Figure 23 means the chart of analog result.The longitudinal axis represents Q value, and transverse axis represents frequency.Known according to Figure 23, along with distance L 1 becomes large, it is large that the peak value of Q value becomes.That is, the known upper surface due to coil-conductor layer 18c depression, and distance L 1 between coil-conductor layer 18b and coil-conductor layer 18c becomes large, the Q value increase of electronic unit 10a.That is,, if known distance L 1 becomes large, can suppress the insertion loss of electronic unit 10a.

In addition, known according to Figure 23, in distance L 1, be 10 μ m when above, improved significantly the peak value of Q value.Thereby preferably, distance L 1 is more than 10 μ m.

(other execution mode)

Electronic unit of the present invention is not limited to above-mentioned electronic unit 10,10a, can in the scope of its purport, change.

In addition, electronic unit 10,10a are provided with recess Ge～Gh, but recess Ge～Gh not necessarily.

In addition, in electronic unit 10,10a, coil L is spiral helicine coil, but can be also for example in the situation that upside is overlooked, to form gyrate coil.In addition, coil L can be also the spiral helicine coil that is connected with a plurality of gyrate coil-conductor layers.

Industrial utilizability

As mentioned above, the present invention is useful to electronic unit, especially can obtain have larger inductance value electronic unit aspect excellent.

Claims (5)

1. an electronic unit, is characterized in that, possesses:

Duplexer, it forms by stacked a plurality of insulator layers; With

Coil, its coil-conductor layer by wire stacked together with described insulator layer forms, while described coil be swirl shape or be the helical form of reeling and advancing to stacked direction,

At the section of the direction quadrature extending with described coil-conductor layer, the face in the inner circumferential side towards described coil of this coil-conductor layer, is provided with the recess towards the outer circumferential side depression of this coil.

2. electronic unit according to claim 1, is characterized in that,

The degree of depth of described recess is more than 6 μ m.

3. electronic unit according to claim 1 and 2, is characterized in that,

The degree of depth of described recess is below 40% of live width of described coil-conductor layer.
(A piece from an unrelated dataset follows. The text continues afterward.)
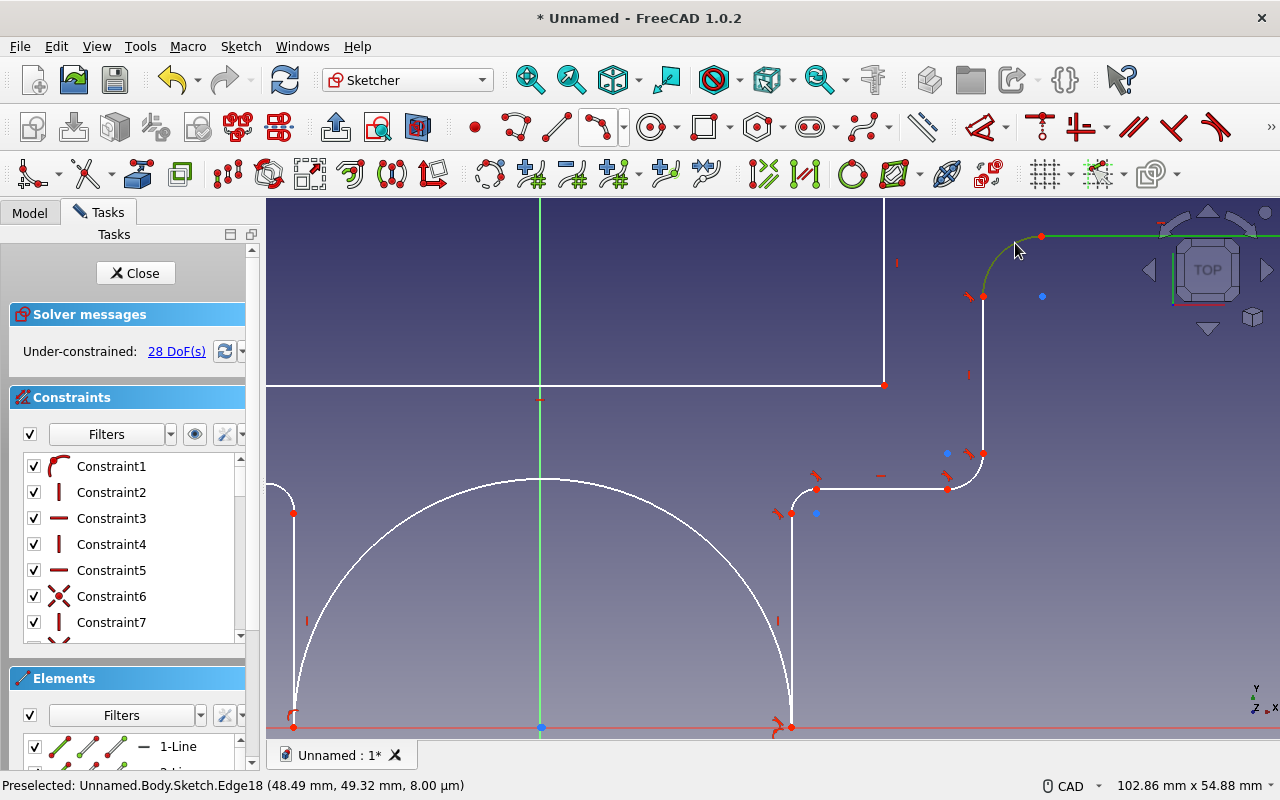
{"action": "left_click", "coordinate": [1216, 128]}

4. according to the electronic unit described in any one in claim 1～3, it is characterized in that,

Described a plurality of insulator layer comprises the first insulator layer and is layered in the second insulator layer on this first insulator layer,

Described coil-conductor layer comprises the first coil conductor layer and the second coil-conductor layer,

Described the first coil conductor layer is arranged on described the first insulator layer,

At described the second insulator layer, be provided with the opening of wire, this opening has the thin live width of live width than the live width of described the first coil conductor layer and described the second coil-conductor layer, and when overlooking from stacked direction, described opening overlaps with this first coil conductor layer

Described the second coil-conductor layer is arranged in described opening and on described the second insulator layer.

5. electronic unit according to claim 4, is characterized in that,

Described a plurality of the first insulator layer and described a plurality of the second insulator layer are alternately stacked,

Described coil is to connect the spiral helicine coil that comprises that respectively described a plurality of coil-conductor layers of described the first coil conductor layer and described the second coil-conductor layer form,

In described the second coil-conductor layer, across described the first insulator layer, cave in the opposed face of described the first coil conductor layer.